The lines to print run from the top of the material below to the line with "Screen dimensions: 1232x953", inclusive; please copy them exactly, without pictures.

▸ Dataset records:
■ ■ ■

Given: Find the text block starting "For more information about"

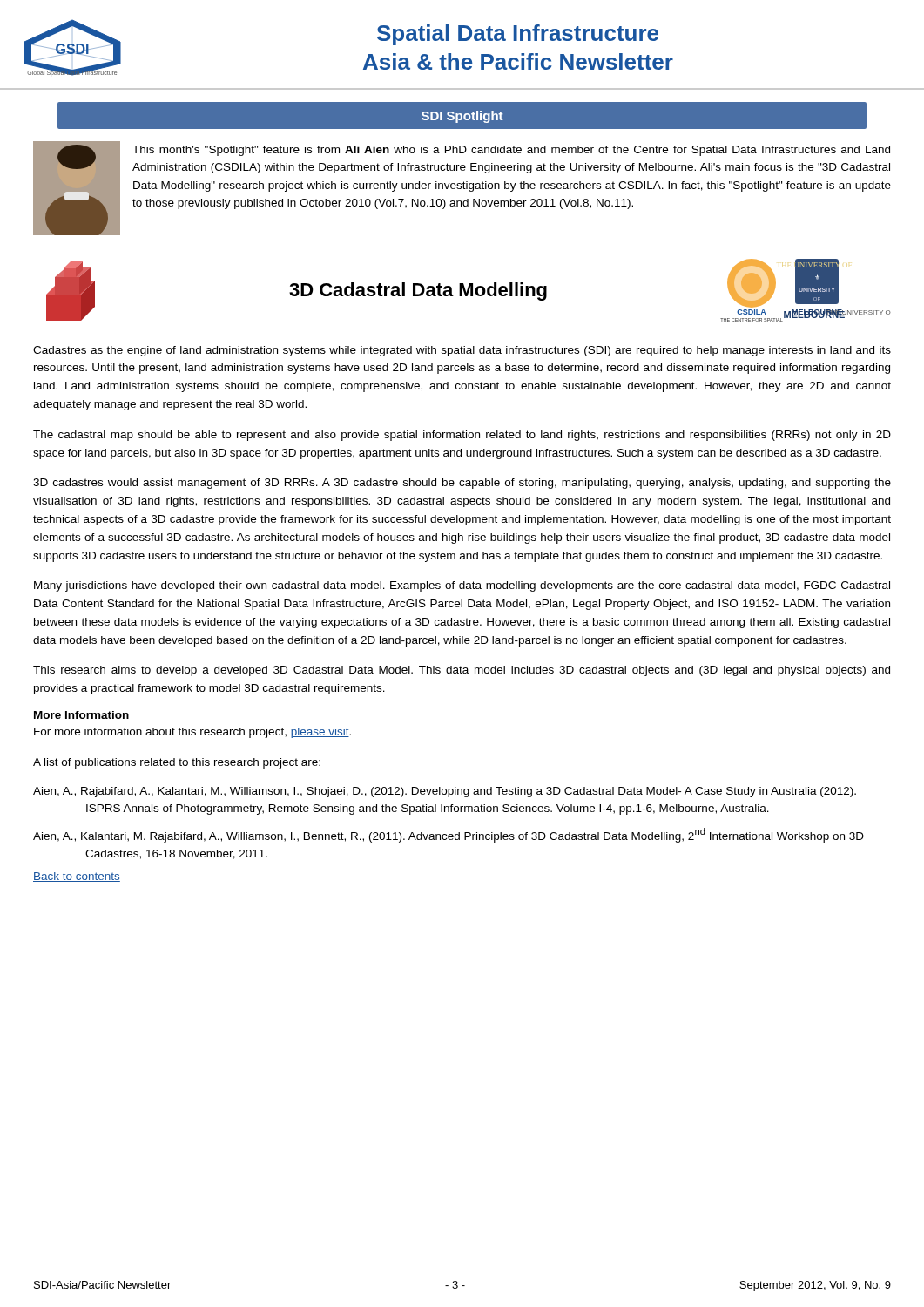Looking at the screenshot, I should 193,732.
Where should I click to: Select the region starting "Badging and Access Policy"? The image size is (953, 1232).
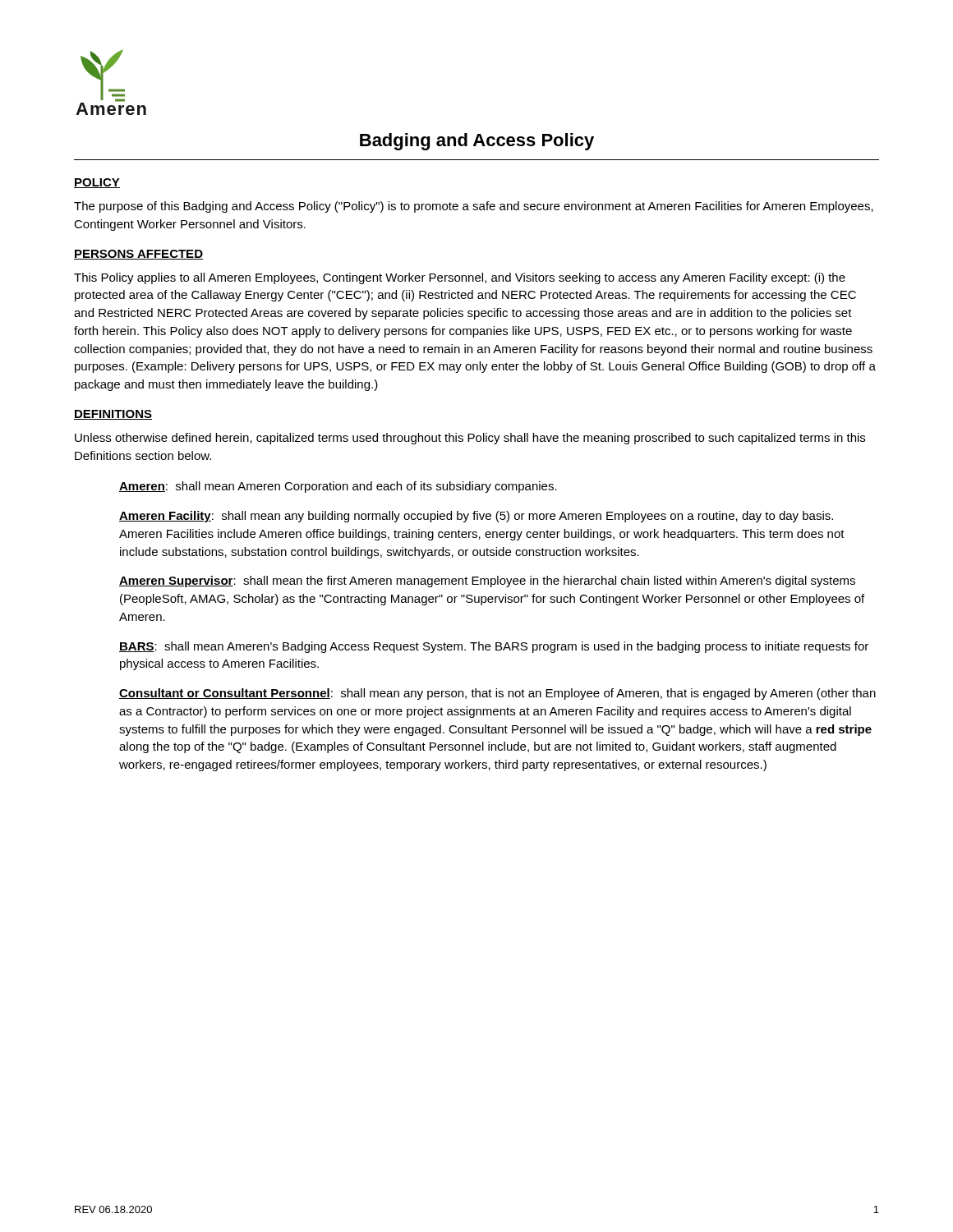pyautogui.click(x=476, y=140)
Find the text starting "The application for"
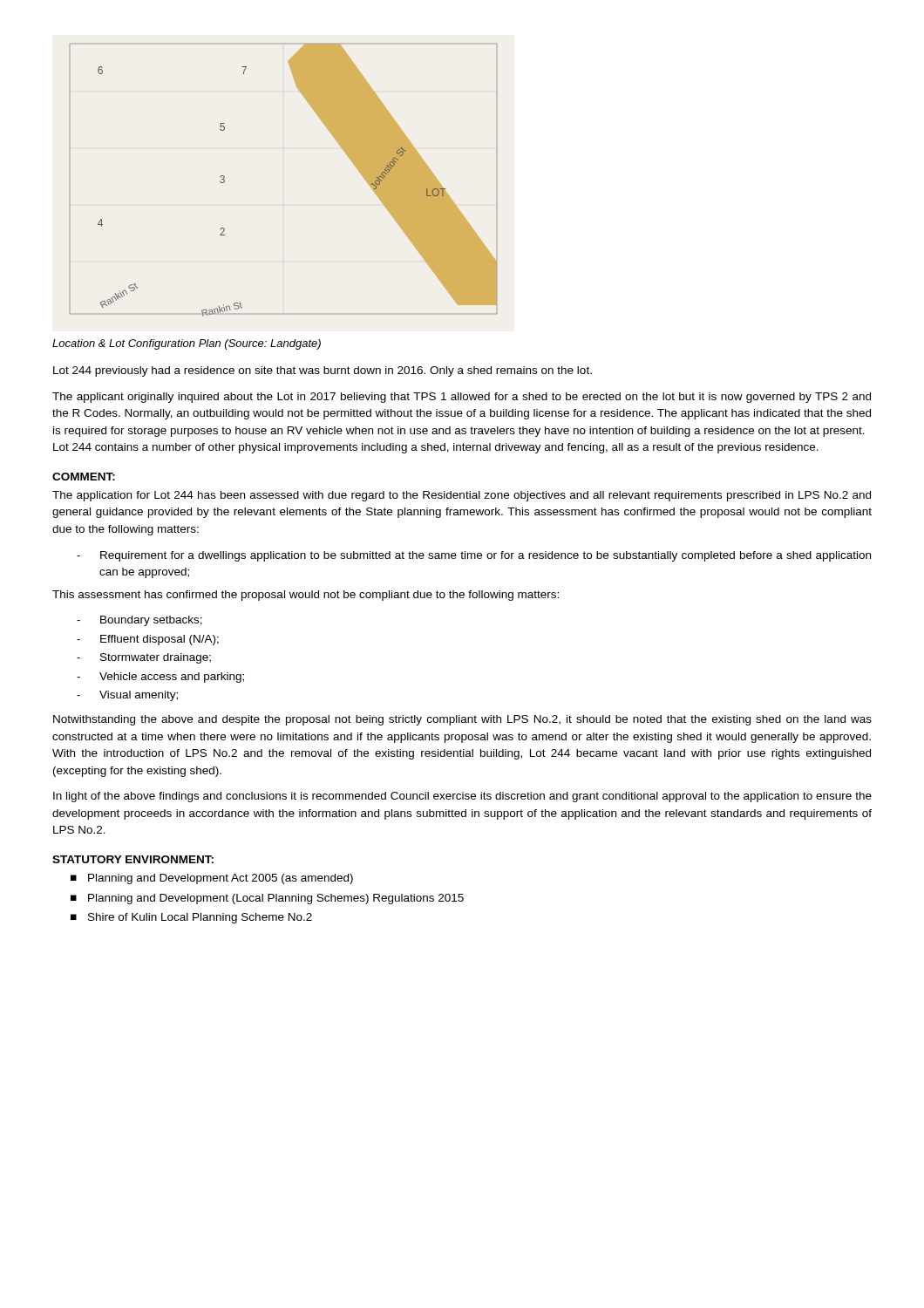The height and width of the screenshot is (1308, 924). pos(462,512)
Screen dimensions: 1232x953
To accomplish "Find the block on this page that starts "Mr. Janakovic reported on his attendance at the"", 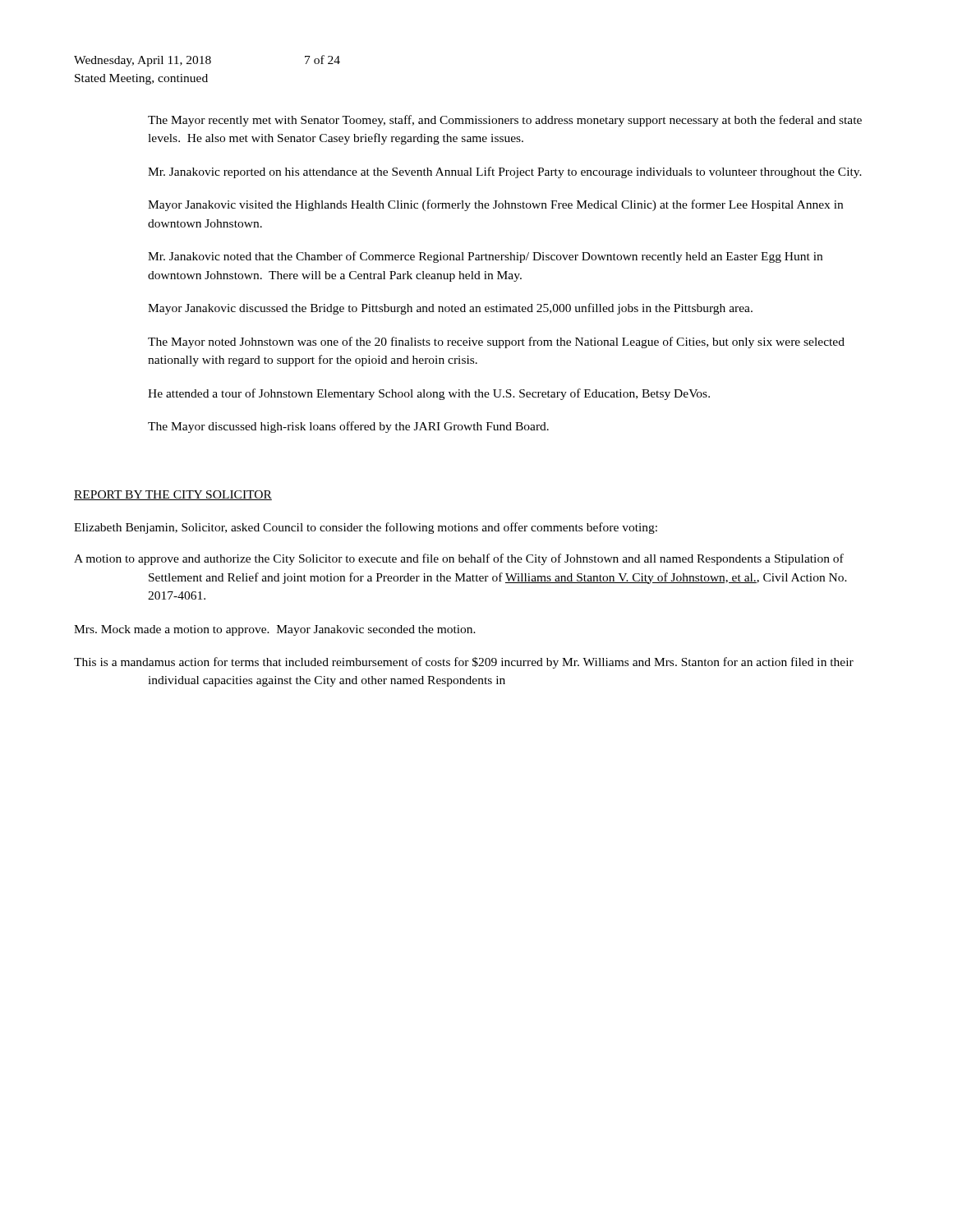I will 505,171.

■ ■ ■

▸ Task result:
Given: Find the text block starting "For more information about"

Looking at the screenshot, I should 193,732.
Where should I click to: Select the region starting "Badging and Access Policy"? The image size is (953, 1232).
pyautogui.click(x=476, y=140)
Find the text starting "The application for"
The height and width of the screenshot is (1308, 924). pos(462,512)
Screen dimensions: 1232x953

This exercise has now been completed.